Among the 151 dead were 19 foreign nationals, with victims from Iran, Norway, China, Thailand and Uzbekistan, authorities said.

More than 90 percent of the victims have been identified, South Korea’s Interior and Security Minister Lee Sang-min said Sunday.

He added that about 10 people cannot be identified as some are under 17 – too young to have national ID – and others are foreign nationals.

As of 2 a.m. Sunday local time, Seoul authorities had received reports of 3,580 missing people, the city government said. That number could include multiple reports of the same person or reports filed Saturday night for people who have since been found.

Emergency services treat injured people in Seoul on October 30.

Lee Sang-min, minister of interior and security, said on Sunday that “a significant number” of police and security forces had been sent to another part of Seoul on Saturday in response to expected protests there.

Meanwhile in Itaewon, the crowd was not unusually large, he said, so only a “normal” level of security forces had been deployed there.

As the disaster unfolded Saturday night, more than 1,700 emergency responders were dispatched, including more than 500 firefighters, 1,100 police and about 70 government employees.

President Yoon Suk Yeol called an emergency meeting and urged officials to locate the dead as soon as possible.

But even hours later, families were still waiting to hear if their loved ones had survived.

Soon after, many people were taken to nearby facilities, while bodies were taken to several hospital cemeteries. Families gathered in areas near the scene as officials gathered the names of the missing and dead.

Relatives of missing persons cry at a community service center on October 30 in Seoul, South Korea.

Yun promised to implement new measures to prevent similar incidents from happening again, saying the government “will conduct urgent inspections not only for Halloween events but also for local festivals and thoroughly manage them so that they can be conducted smoothly and safely.” way”.

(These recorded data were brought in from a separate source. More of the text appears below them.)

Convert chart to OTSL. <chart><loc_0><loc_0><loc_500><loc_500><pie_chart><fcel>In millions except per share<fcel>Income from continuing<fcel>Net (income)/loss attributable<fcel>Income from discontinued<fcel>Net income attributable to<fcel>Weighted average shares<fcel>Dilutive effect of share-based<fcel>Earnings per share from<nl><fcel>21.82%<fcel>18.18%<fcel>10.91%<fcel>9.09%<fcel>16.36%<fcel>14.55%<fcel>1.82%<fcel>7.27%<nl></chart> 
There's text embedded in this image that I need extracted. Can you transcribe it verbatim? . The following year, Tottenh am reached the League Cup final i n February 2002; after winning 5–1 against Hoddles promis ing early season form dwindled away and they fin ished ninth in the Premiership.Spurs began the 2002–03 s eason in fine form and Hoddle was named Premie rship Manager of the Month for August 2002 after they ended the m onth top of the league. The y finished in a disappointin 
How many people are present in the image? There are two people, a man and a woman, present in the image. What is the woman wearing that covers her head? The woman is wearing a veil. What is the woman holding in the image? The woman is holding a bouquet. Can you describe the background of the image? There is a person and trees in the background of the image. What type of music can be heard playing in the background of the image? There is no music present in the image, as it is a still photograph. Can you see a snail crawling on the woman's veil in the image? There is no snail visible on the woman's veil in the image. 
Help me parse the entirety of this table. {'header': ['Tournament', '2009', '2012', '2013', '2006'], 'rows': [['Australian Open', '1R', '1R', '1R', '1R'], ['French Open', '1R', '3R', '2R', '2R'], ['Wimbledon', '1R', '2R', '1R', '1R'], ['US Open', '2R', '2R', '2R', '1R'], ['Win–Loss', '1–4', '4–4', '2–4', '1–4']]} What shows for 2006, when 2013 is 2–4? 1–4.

The government will also provide psychological treatment and a fund for the families of the dead and injured. Authorities have declared national mourning until November 5 and designated Yongsan-gu, where Itaewon is located, as a special disaster area.

Seoul street vpx

This narrow street was the scene of the fatal incident in Seoul

As a stunned and grieving nation grapples with the tragedy, questions are also being raised about how such a disaster could have unfolded in a popular area known to congregate.

It’s hard to determine what may have caused the crash — but authorities “would expect high numbers … before Saturday night,” said Juliette Kayyem, a disaster management expert and national security analyst for CNN.

“There is a responsibility on the part of the authorities to monitor the volume of the crowd in real time so that they can feel the need to get people out,” he added.

Suah Cho, 23, was arrested in the crowd but managed to escape to a building along the alley. When asked if he had seen any officials try to limit the number of people entering the alley, he replied: “Before the incident, not at all.”

Another eyewitness described the situation as getting “worse and worse”, saying they could hear “people calling for help for other people because there weren’t enough rescuers to just handle it all”.